Exercise goal: What is needed is an exact transcription of the listing, with the images removed.

Data supplied:
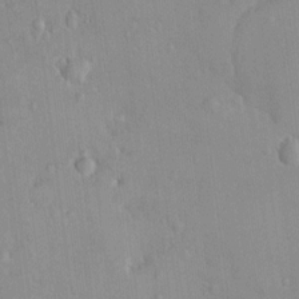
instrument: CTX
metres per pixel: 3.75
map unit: HNhu
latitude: 5.9150
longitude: 2.7274
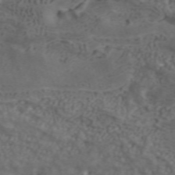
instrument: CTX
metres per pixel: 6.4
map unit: ANa
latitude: 42.4979
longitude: 33.5210
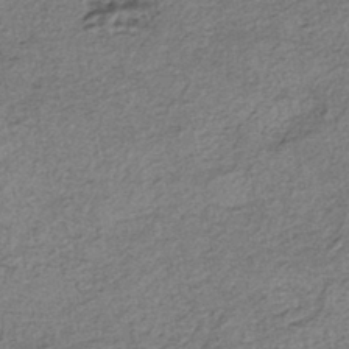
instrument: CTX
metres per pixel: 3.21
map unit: eHh
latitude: -42.6896
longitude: 120.1983
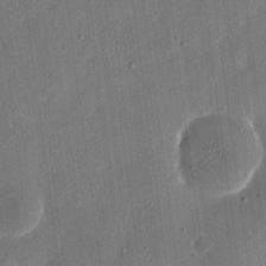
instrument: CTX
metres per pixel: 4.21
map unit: eHh
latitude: 16.9892
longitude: -69.8961
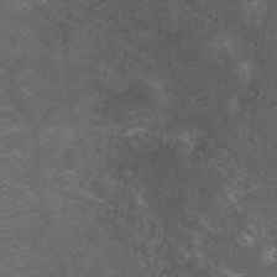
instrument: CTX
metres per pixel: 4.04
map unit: Nhu
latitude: 3.1781
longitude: -17.4048
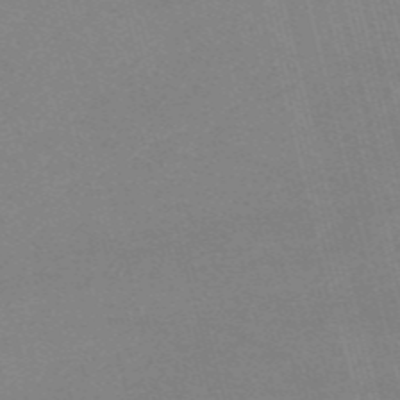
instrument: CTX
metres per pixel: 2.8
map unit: HNb
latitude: -54.7652
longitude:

Solved exercise:
instrument: CTX
metres per pixel: 3.75
map unit: HNhu
latitude: 5.9150
longitude: 2.7274
instrument: CTX
metres per pixel: 6.4
map unit: ANa
latitude: 42.4979
longitude: 33.5210
instrument: CTX
metres per pixel: 3.21
map unit: eHh
latitude: -42.6896
longitude: 120.1983
instrument: CTX
metres per pixel: 4.21
map unit: eHh
latitude: 16.9892
longitude: -69.8961
instrument: CTX
metres per pixel: 4.04
map unit: Nhu
latitude: 3.1781
longitude: -17.4048
instrument: CTX
metres per pixel: 2.8
map unit: HNb
latitude: -54.7652
longitude:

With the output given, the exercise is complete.